There are some wild cards that are different from what we saw when we came out of the last warm PDO [Pacific Decadal Oscillation] and entered its cool phase [1947 to 1976]. Now we have a very weak solar cycle and the possibility of increased volcanic activity. Together, they would create what I call the ‘Triple Crown of Cooling,’” says Accuweather meteorologist Joe Bastardi.
If all three climate-change ingredients come together, it would be a recipe for dangerously cold temperatures that would shorten the agricultural growing season in northern latitudes, crippling grain production in the wheat belts of the United States and Canada and triggering widespread food shortages and famine.

Cool Pacific Decadal Oscillation

The Pacific Decadal Oscillation refers to cyclical variations in sea surface temperatures that occur in the North Pacific Ocean. (The PDO is often described as a long-lived El NiƱo-like pattern.) PDO events usually persist for 20 to 30 years, alternating between warm and cool phases. During these long periods there are sometimes short-interval phase switches that can last several years.

From 1977 to 1998, during the height of “global warming,” North America was in the midst of a warm PDO. Since then, we have experienced several short-duration PDO fluctuations between cool and warm.

But the PDO has once again resumed its negative cool phase, and, as such, represents the first climate driver in the Triple Crown of Cooling. With the switch to a cool PDO, we’ve seen a change in the El Nino/Southern Oscillation (ENSO), which alternates between El Nino (warm phase) and La Nina (cool phase) every few years. The recent strong El Nino that began in July 2009 is now transitioning to a La Nina, a sign of cooler temperatures ahead.

“We’re definitely headed towards La Nina conditions before summer is over, and we’re looking at a moderate to strong La Nina by fall and winter, which, as these La Ninas tend to persist in the cold PDO for two years, should bring us cooler temperatures over the next few years,” predicts Joe D’Aleo, founder of the International Climate and Environmental Change Assessment Project (ICECAP) and the first director of meteorology at the Weather Channel.
He is not alone in his forecast. Bastardi also sees a La Nina just around the corner.
I’ve been saying since February that we’ll transition to La Nina by the middle of the hurricane season. I think we’re already seeing the atmosphere going into a La Nina state in advance of water temperatures. This will have interesting implications down the road. La Nina will dramatically cool off everything later this year and into next year, and it is a signal for strong hurricane activity,” Bastardi predicts.
The difference in sea surface temperature between positive and negative PDO phases is not more than 1 to 2 degrees Celsius, but the affected area is huge. So the temperature changes can have a big impact on the climate in North America.

In fact, as Dr. Roy Spencer points out, the warm-phase PDO lasting from 1977 to 1998 might explain most of the warming we experienced in the late 20th century.
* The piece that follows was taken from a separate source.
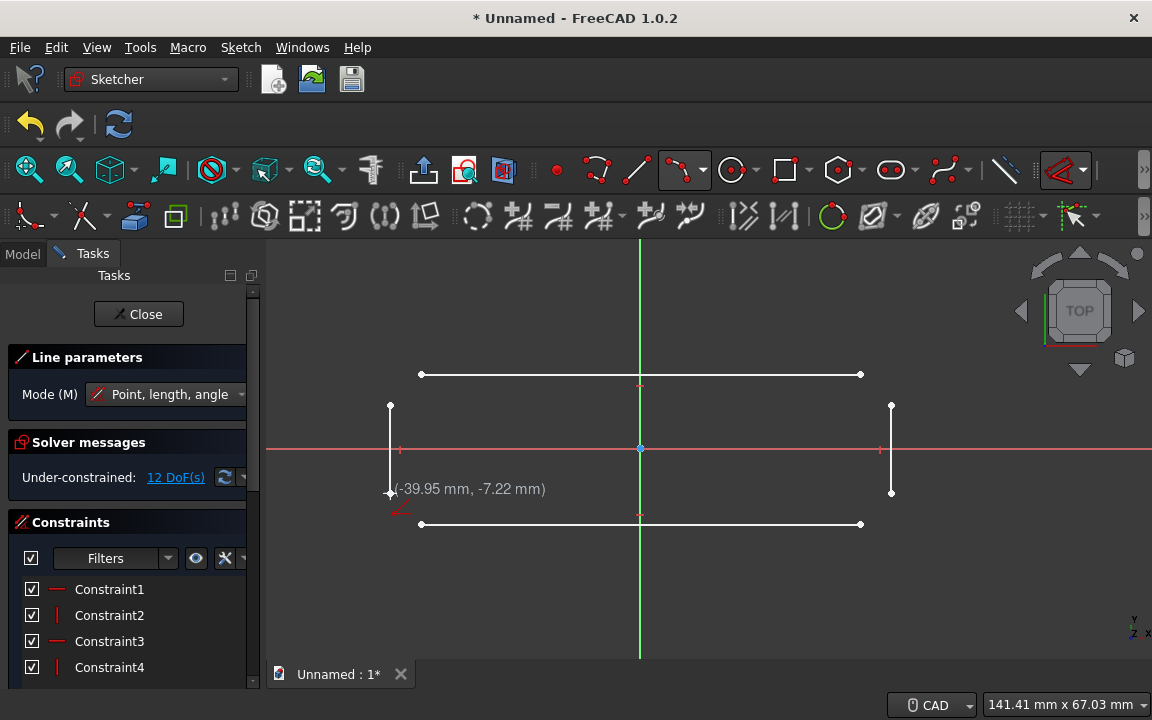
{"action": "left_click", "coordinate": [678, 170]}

“This is because a change in weather circulation patterns can cause a small change in global-average cloudiness. And since clouds represent the single largest internal control on global temperatures (through their ability to reflect sunlight), a change in cloudiness associated with the PDO might explain most of the climate change we’ve seen in the last 100 years or more,” he writes.
Declining solar activity

Another real concern — and the second climate driver in the Triple Crown of Cooling — is the continued stretch of weak solar activity Earth is experiencing. We recently exited the longest solar minimum — 12.7 years compared to the 11-year average — in 100 years. It was a historically inactive period in terms of sunspot numbers. During the minimum, which began in 2004, we have experienced 800 spotless days. A normal cycle averages 485 spotless days.

In 2008, we experienced 265 days without a sunspot, the fourth-highest number of spotless days since continuous daily observations began in 1849. In 2009, the trend continued, with 261 spotless days, ranking it among the top five blank-sun years. Only 1878, 1901 and 1913 (the record-holder with 311 days) recorded more spotless days.

In 2010, the sun continues to remain in a funk. There were 27 spotless days (according to Layman’s sunspot count) in April and, as of May 19, 12 days without a spot. Both months exhibited periods of inexplicably low solar activity during a time when the sun should be flexing its “solar muscle” and ramping up towards the next solar maximum.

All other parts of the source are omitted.